**TRY IT**
Retype all entries exactly as they stand, excluding pictures.

**AVAILABLE RECORDS**
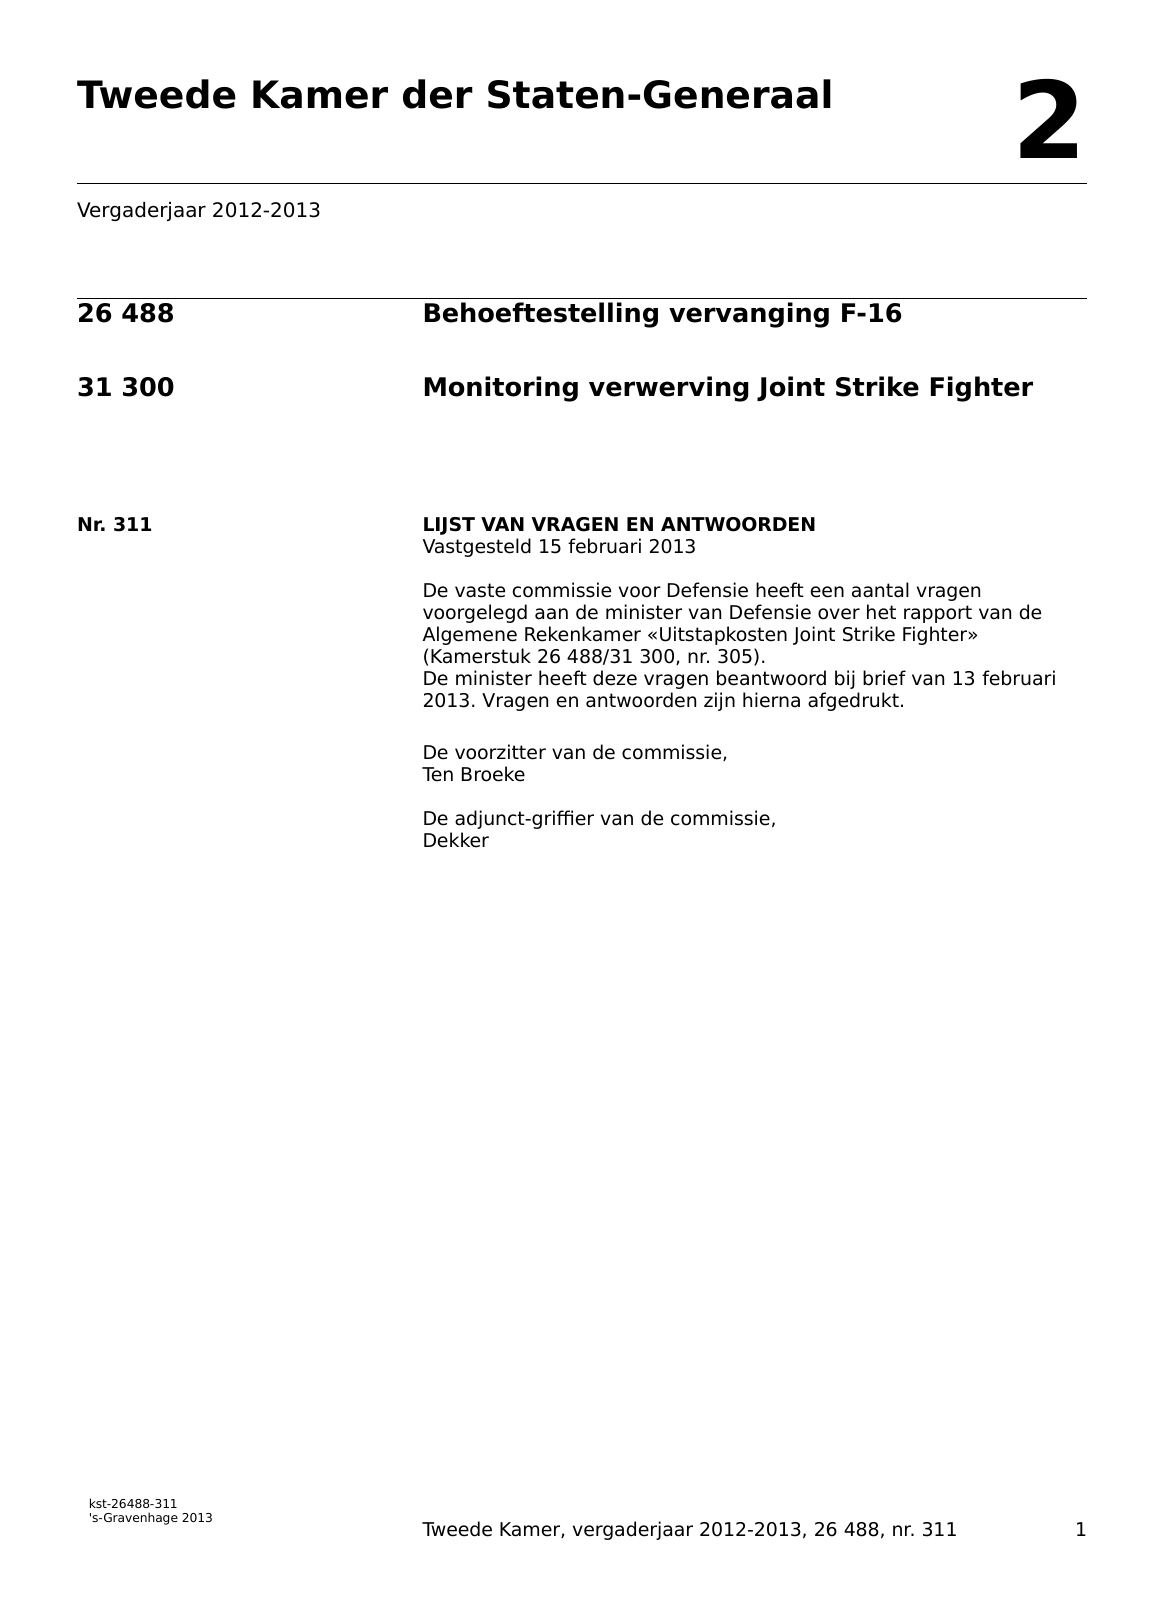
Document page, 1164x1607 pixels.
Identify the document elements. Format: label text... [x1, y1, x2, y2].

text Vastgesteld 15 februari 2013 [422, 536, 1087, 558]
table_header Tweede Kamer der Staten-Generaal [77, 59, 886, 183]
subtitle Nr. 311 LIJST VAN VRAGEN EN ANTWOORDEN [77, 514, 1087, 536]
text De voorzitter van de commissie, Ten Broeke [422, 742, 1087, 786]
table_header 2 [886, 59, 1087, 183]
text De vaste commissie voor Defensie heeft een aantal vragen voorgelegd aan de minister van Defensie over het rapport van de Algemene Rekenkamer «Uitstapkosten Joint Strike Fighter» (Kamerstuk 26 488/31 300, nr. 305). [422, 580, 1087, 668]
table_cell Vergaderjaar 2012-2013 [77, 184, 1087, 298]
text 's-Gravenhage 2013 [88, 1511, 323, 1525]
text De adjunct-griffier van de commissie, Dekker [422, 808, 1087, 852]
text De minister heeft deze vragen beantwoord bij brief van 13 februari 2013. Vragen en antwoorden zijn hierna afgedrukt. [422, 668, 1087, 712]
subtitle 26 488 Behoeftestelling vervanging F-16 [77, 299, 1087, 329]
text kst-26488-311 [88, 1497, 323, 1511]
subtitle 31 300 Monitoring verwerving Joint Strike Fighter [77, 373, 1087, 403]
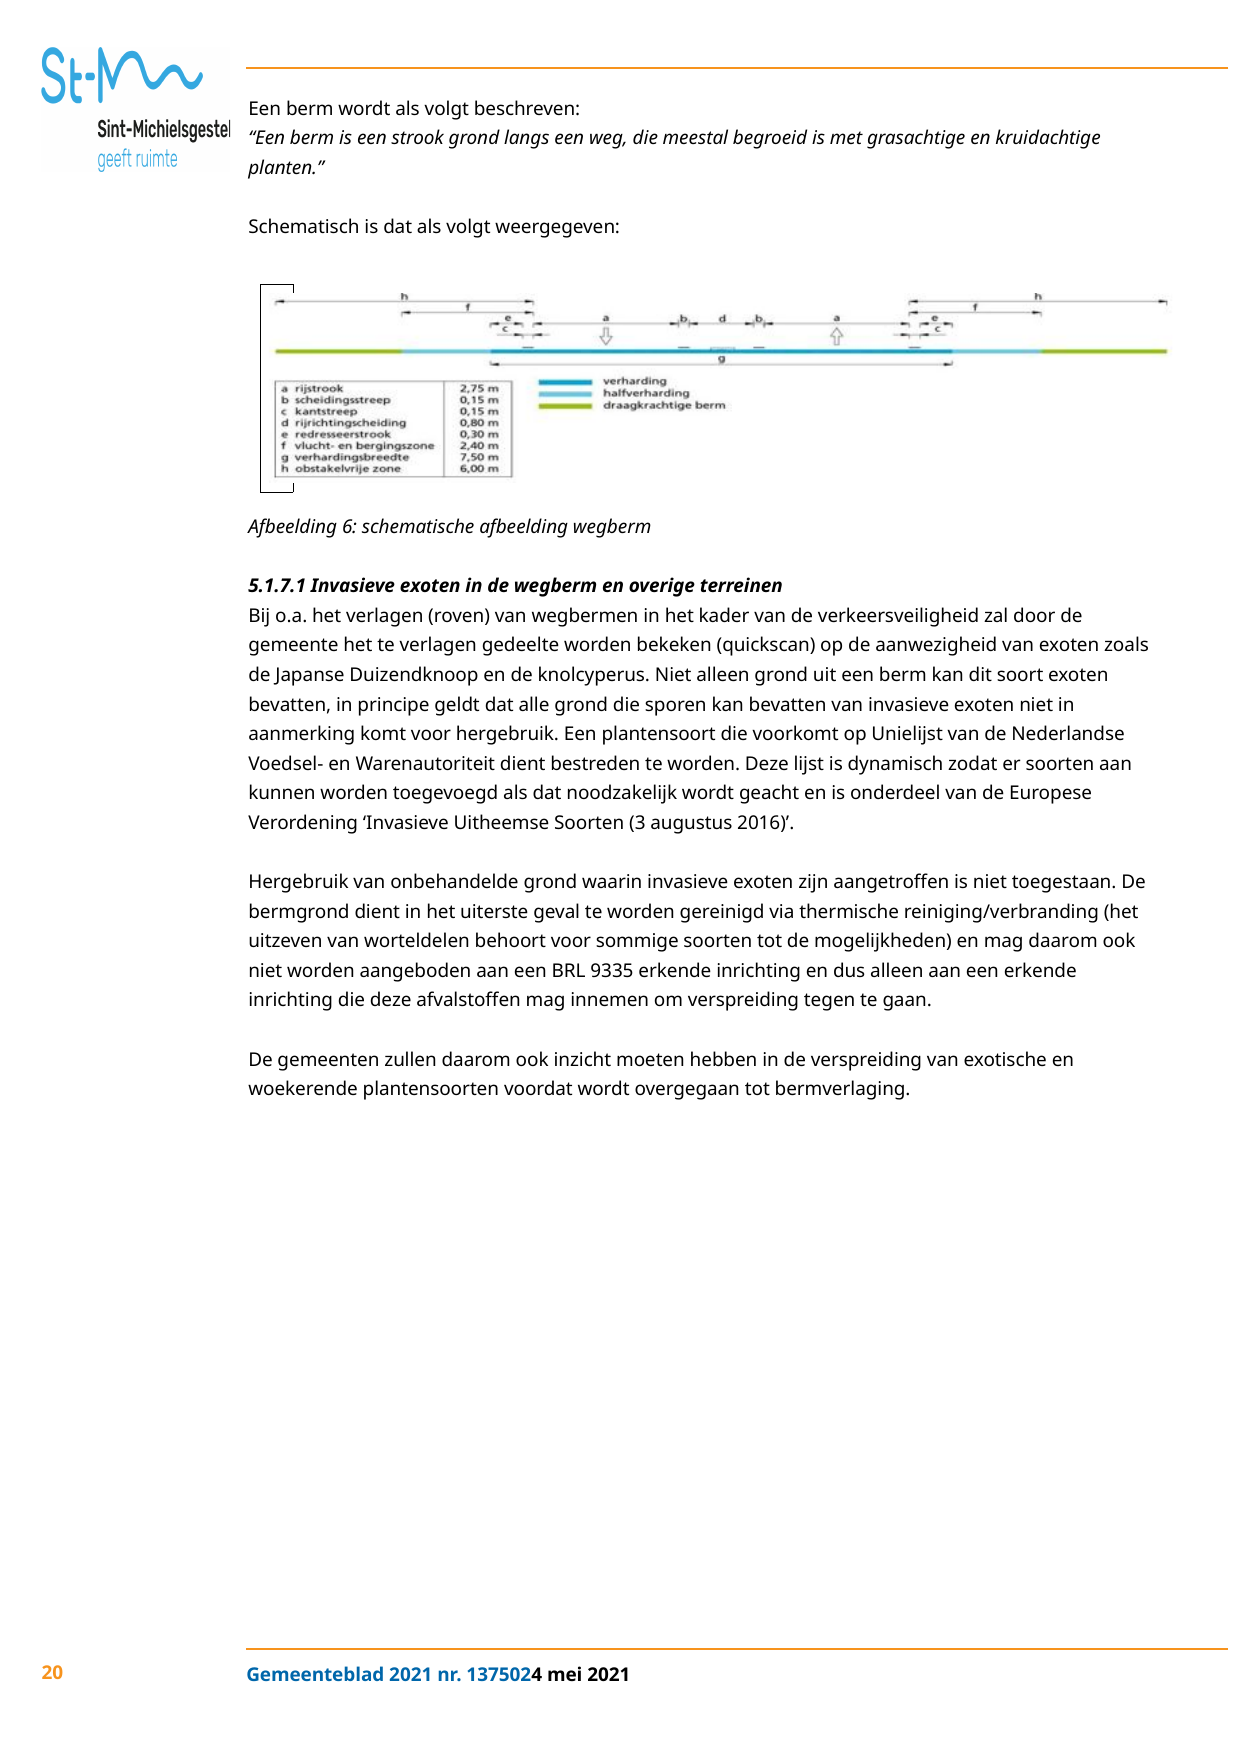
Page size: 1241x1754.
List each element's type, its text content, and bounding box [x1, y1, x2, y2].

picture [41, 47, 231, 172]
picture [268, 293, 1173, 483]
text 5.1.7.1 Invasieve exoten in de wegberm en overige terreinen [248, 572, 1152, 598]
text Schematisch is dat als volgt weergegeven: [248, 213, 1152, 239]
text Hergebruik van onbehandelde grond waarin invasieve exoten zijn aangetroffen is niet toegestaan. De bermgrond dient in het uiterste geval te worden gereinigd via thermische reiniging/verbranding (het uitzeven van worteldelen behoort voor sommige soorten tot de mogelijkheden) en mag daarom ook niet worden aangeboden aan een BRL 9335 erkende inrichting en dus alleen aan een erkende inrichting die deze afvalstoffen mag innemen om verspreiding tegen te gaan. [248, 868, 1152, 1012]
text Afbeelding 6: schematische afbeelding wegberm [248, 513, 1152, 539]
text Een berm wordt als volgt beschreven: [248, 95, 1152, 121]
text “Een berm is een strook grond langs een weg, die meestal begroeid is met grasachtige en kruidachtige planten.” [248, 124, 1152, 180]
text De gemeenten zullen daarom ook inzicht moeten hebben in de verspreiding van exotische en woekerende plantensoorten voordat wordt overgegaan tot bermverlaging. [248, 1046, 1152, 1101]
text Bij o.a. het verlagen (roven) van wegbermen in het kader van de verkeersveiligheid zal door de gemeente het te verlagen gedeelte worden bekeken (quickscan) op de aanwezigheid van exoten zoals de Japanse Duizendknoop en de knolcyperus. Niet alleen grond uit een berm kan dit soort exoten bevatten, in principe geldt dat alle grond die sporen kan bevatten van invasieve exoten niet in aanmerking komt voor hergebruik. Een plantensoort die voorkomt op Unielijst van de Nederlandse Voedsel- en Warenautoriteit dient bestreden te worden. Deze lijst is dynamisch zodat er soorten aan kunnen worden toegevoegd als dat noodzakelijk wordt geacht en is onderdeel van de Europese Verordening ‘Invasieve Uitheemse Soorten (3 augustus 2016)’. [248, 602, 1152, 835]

**FINAL ANSWER**
Document page, 1164x1607 pixels.
Identify the document elements. Format: label text... [x1, y1, x2, y2].

text Vastgesteld 15 februari 2013 [422, 536, 1087, 558]
table_header Tweede Kamer der Staten-Generaal [77, 59, 886, 183]
subtitle Nr. 311 LIJST VAN VRAGEN EN ANTWOORDEN [77, 514, 1087, 536]
text De voorzitter van de commissie, Ten Broeke [422, 742, 1087, 786]
table_header 2 [886, 59, 1087, 183]
text De vaste commissie voor Defensie heeft een aantal vragen voorgelegd aan de minister van Defensie over het rapport van de Algemene Rekenkamer «Uitstapkosten Joint Strike Fighter» (Kamerstuk 26 488/31 300, nr. 305). [422, 580, 1087, 668]
table_cell Vergaderjaar 2012-2013 [77, 184, 1087, 298]
text 's-Gravenhage 2013 [88, 1511, 323, 1525]
text De adjunct-griffier van de commissie, Dekker [422, 808, 1087, 852]
text De minister heeft deze vragen beantwoord bij brief van 13 februari 2013. Vragen en antwoorden zijn hierna afgedrukt. [422, 668, 1087, 712]
subtitle 26 488 Behoeftestelling vervanging F-16 [77, 299, 1087, 329]
text kst-26488-311 [88, 1497, 323, 1511]
subtitle 31 300 Monitoring verwerving Joint Strike Fighter [77, 373, 1087, 403]
Page size: 1241x1754.
List each element's type, its text content, and bounding box [x1, y1, x2, y2].

picture [41, 47, 231, 172]
picture [268, 293, 1173, 483]
text 5.1.7.1 Invasieve exoten in de wegberm en overige terreinen [248, 572, 1152, 598]
text Schematisch is dat als volgt weergegeven: [248, 213, 1152, 239]
text Hergebruik van onbehandelde grond waarin invasieve exoten zijn aangetroffen is niet toegestaan. De bermgrond dient in het uiterste geval te worden gereinigd via thermische reiniging/verbranding (het uitzeven van worteldelen behoort voor sommige soorten tot de mogelijkheden) en mag daarom ook niet worden aangeboden aan een BRL 9335 erkende inrichting en dus alleen aan een erkende inrichting die deze afvalstoffen mag innemen om verspreiding tegen te gaan. [248, 868, 1152, 1012]
text Afbeelding 6: schematische afbeelding wegberm [248, 513, 1152, 539]
text Een berm wordt als volgt beschreven: [248, 95, 1152, 121]
text “Een berm is een strook grond langs een weg, die meestal begroeid is met grasachtige en kruidachtige planten.” [248, 124, 1152, 180]
text De gemeenten zullen daarom ook inzicht moeten hebben in de verspreiding van exotische en woekerende plantensoorten voordat wordt overgegaan tot bermverlaging. [248, 1046, 1152, 1101]
text Bij o.a. het verlagen (roven) van wegbermen in het kader van de verkeersveiligheid zal door de gemeente het te verlagen gedeelte worden bekeken (quickscan) op de aanwezigheid van exoten zoals de Japanse Duizendknoop en de knolcyperus. Niet alleen grond uit een berm kan dit soort exoten bevatten, in principe geldt dat alle grond die sporen kan bevatten van invasieve exoten niet in aanmerking komt voor hergebruik. Een plantensoort die voorkomt op Unielijst van de Nederlandse Voedsel- en Warenautoriteit dient bestreden te worden. Deze lijst is dynamisch zodat er soorten aan kunnen worden toegevoegd als dat noodzakelijk wordt geacht en is onderdeel van de Europese Verordening ‘Invasieve Uitheemse Soorten (3 augustus 2016)’. [248, 602, 1152, 835]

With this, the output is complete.